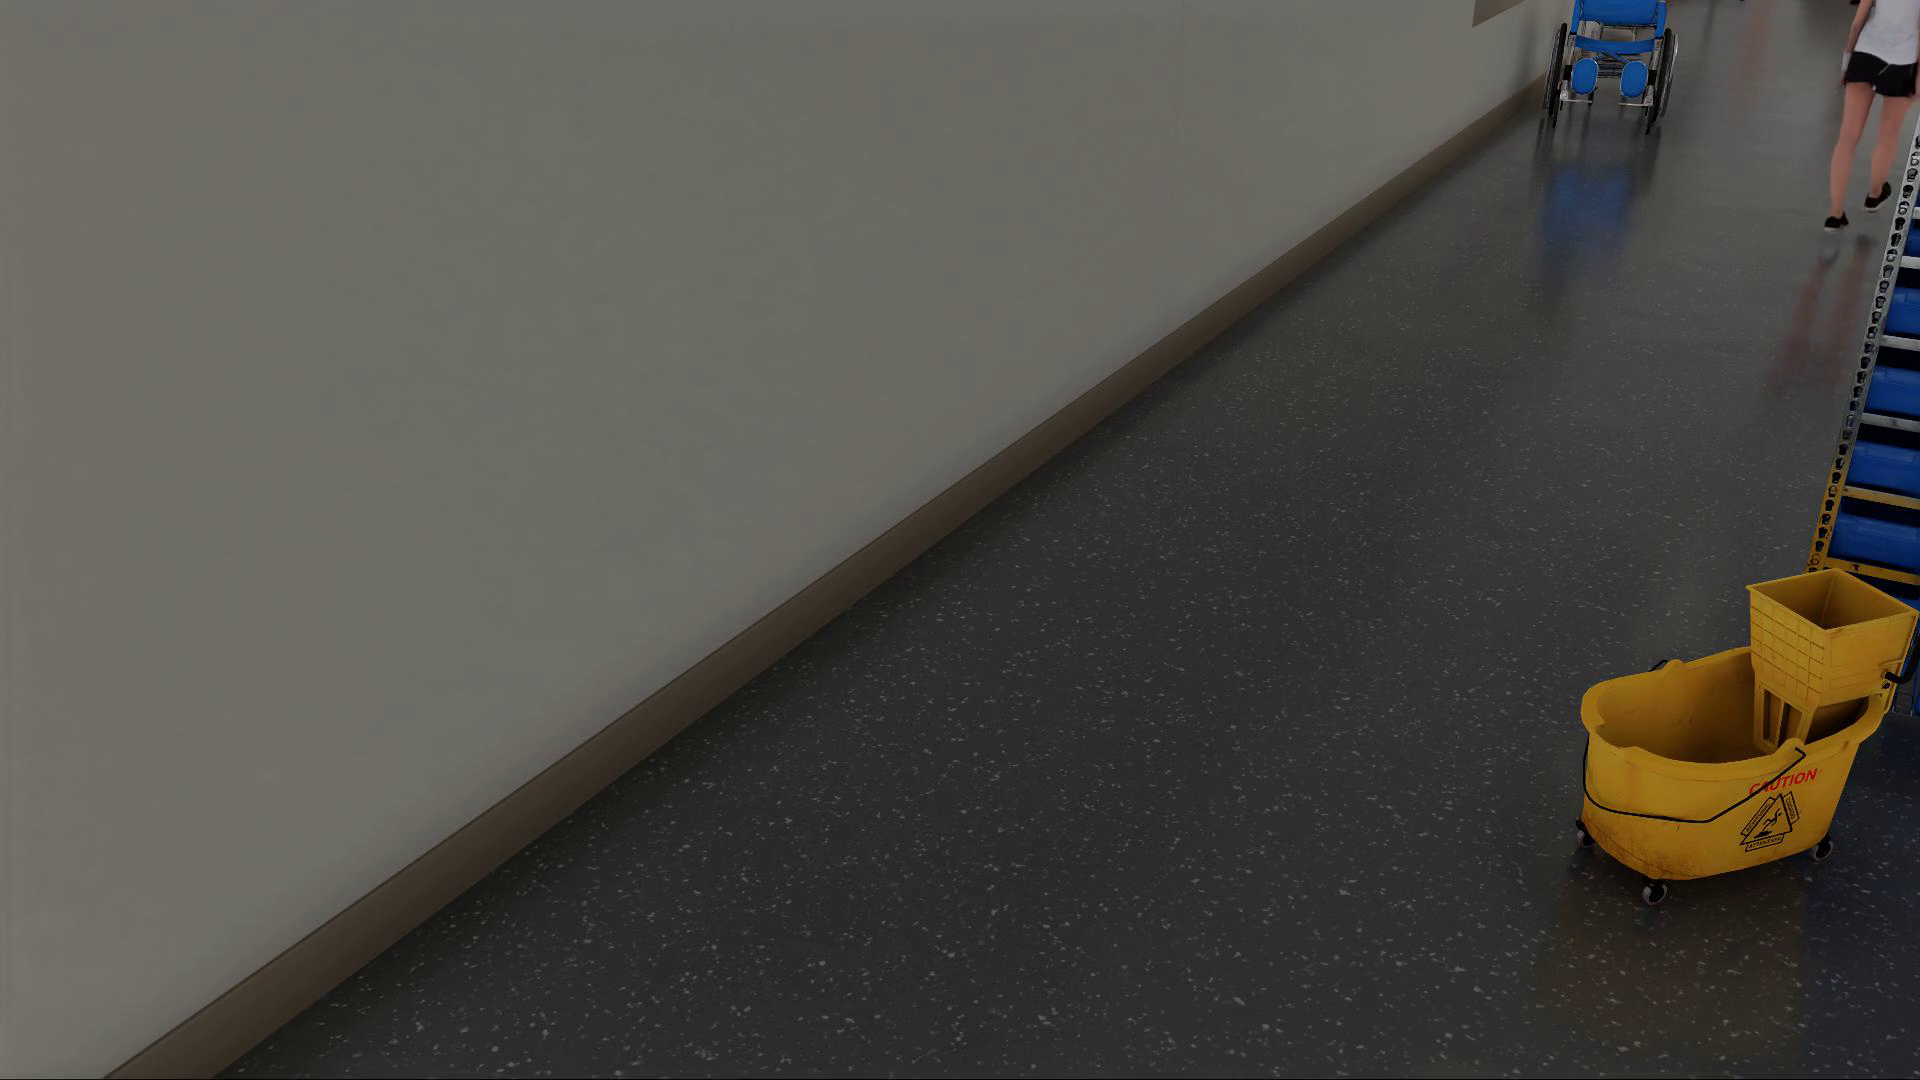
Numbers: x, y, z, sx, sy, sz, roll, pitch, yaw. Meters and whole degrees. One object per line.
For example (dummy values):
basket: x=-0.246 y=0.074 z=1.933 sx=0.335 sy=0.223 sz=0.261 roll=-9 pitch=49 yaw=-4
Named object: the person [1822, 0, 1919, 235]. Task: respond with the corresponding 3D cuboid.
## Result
person: x=4.843 y=-2.448 z=8.779 sx=1.084 sy=1.701 sz=0.773 roll=19 pitch=32 yaw=34
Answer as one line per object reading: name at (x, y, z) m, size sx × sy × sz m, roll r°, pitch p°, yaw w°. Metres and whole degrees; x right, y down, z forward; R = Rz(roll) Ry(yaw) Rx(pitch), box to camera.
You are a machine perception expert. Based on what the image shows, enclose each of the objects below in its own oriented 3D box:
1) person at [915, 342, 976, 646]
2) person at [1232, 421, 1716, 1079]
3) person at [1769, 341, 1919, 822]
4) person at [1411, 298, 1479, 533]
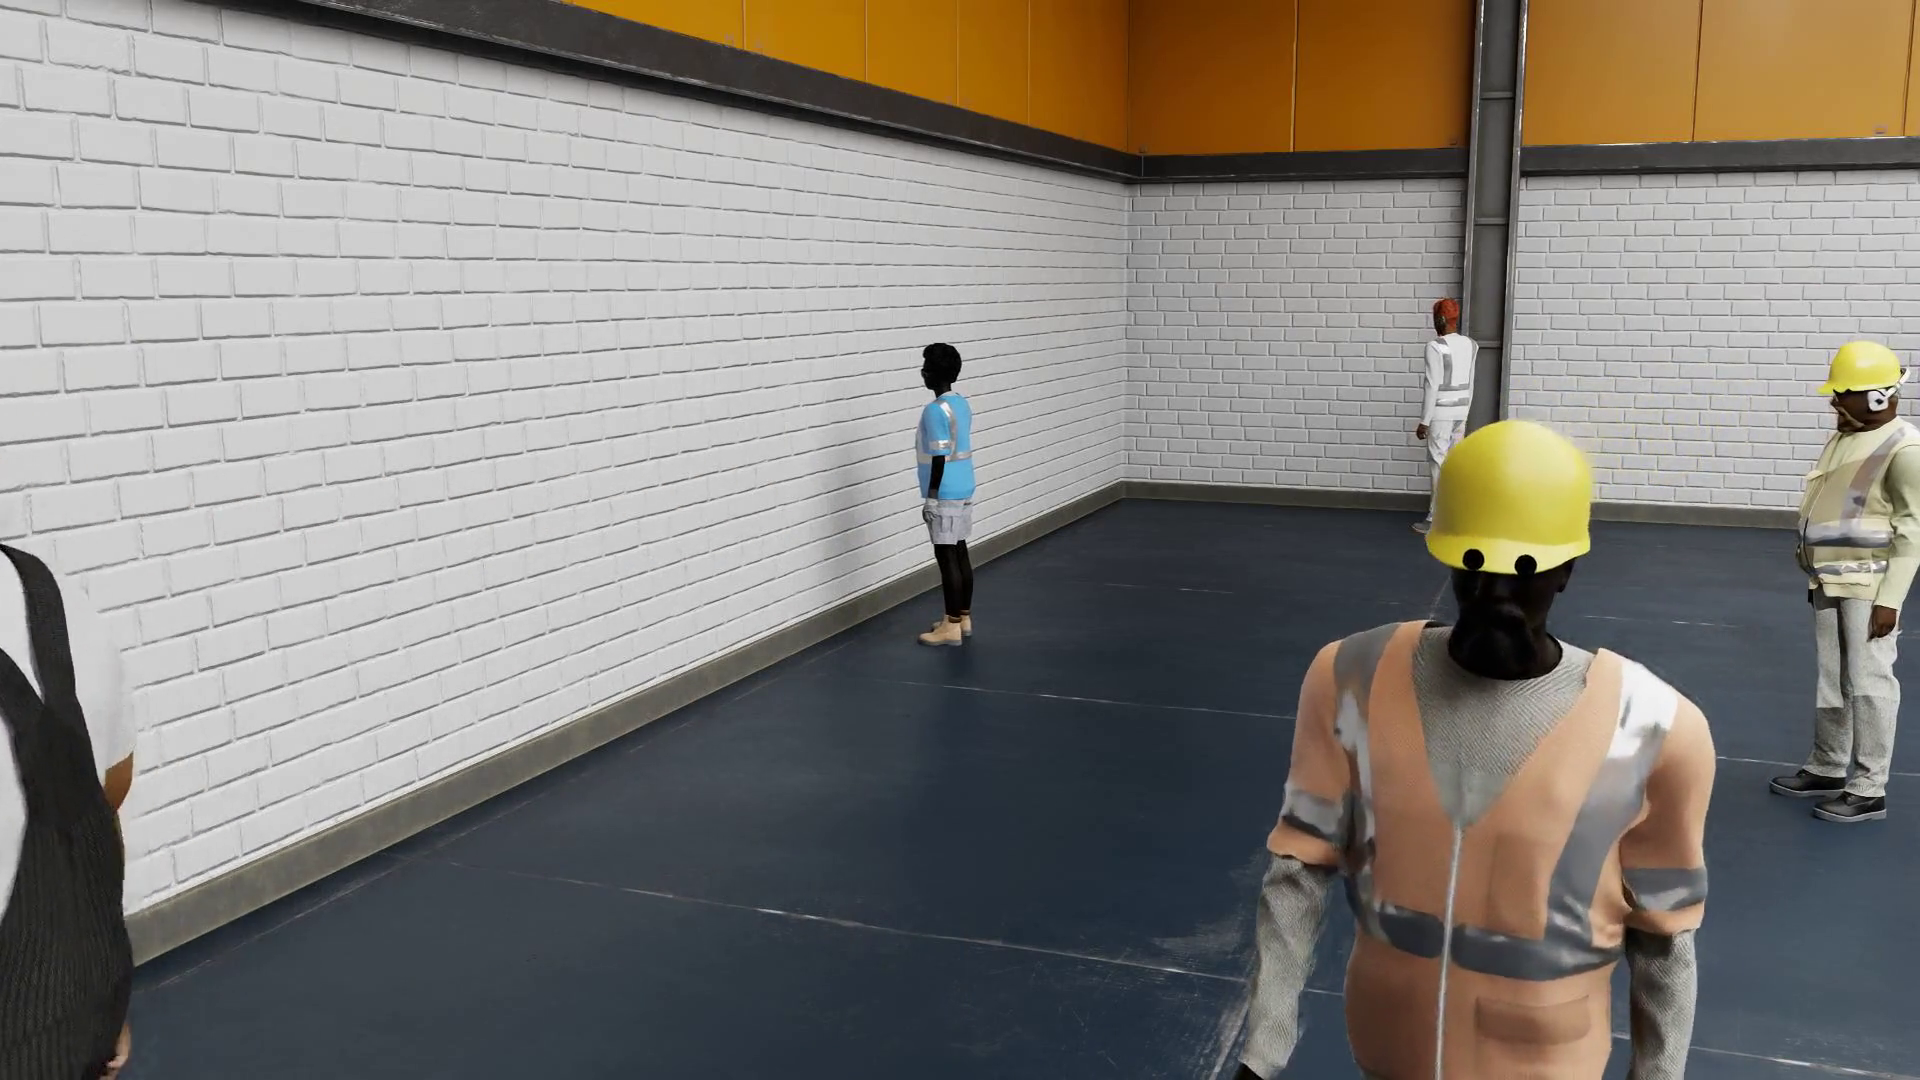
person at (-0.084, -0.257, 9.345) m, size 0.320 × 1.695 × 0.537 m, roll 3°, pitch 9°, yaw 17°
person at (0.760, 0.751, 2.485) m, size 0.604 × 1.872 × 1.009 m, roll 6°, pitch 11°, yaw 35°
person at (3.409, 0.158, 6.351) m, size 0.403 × 1.822 × 0.587 m, roll 0°, pitch 9°, yaw 0°
person at (3.885, -0.985, 13.333) m, size 0.574 × 1.886 × 0.356 m, roll -7°, pitch 11°, yaw -36°
_ _ _ _ _
PROBLEM STATEMENT
Your task is to copy the entries in full and exactly, without any images.

RESPONSE
Numbers: x, y, z, sx, sy, sz, roll, pitch, yaw. Meters and whole degrees. One object per line.
For example (dummy values):
basket: x=-0.246 y=0.074 z=1.933 sx=0.335 sy=0.223 sz=0.261 roll=-9 pitch=49 yaw=-4
Named object: the person [1822, 0, 1919, 235]. Task: respond with the corresponding 3D cuboid.
## Result
person: x=4.843 y=-2.448 z=8.779 sx=1.084 sy=1.701 sz=0.773 roll=19 pitch=32 yaw=34
Answer as one line per object reading: name at (x, y, z) m, size sx × sy × sz m, roll r°, pitch p°, yaw w°. Metres and whole degrees; x right, y down, z forward; R = Rz(roll) Ry(yaw) Rx(pitch), box to camera.
You are a machine perception expert. Based on what the image shows, enclose each of the objects below in its own oriented 3D box:
1) person at [915, 342, 976, 646]
2) person at [1232, 421, 1716, 1079]
3) person at [1769, 341, 1919, 822]
4) person at [1411, 298, 1479, 533]
person at (-0.084, -0.257, 9.345) m, size 0.320 × 1.695 × 0.537 m, roll 3°, pitch 9°, yaw 17°
person at (0.760, 0.751, 2.485) m, size 0.604 × 1.872 × 1.009 m, roll 6°, pitch 11°, yaw 35°
person at (3.409, 0.158, 6.351) m, size 0.403 × 1.822 × 0.587 m, roll 0°, pitch 9°, yaw 0°
person at (3.885, -0.985, 13.333) m, size 0.574 × 1.886 × 0.356 m, roll -7°, pitch 11°, yaw -36°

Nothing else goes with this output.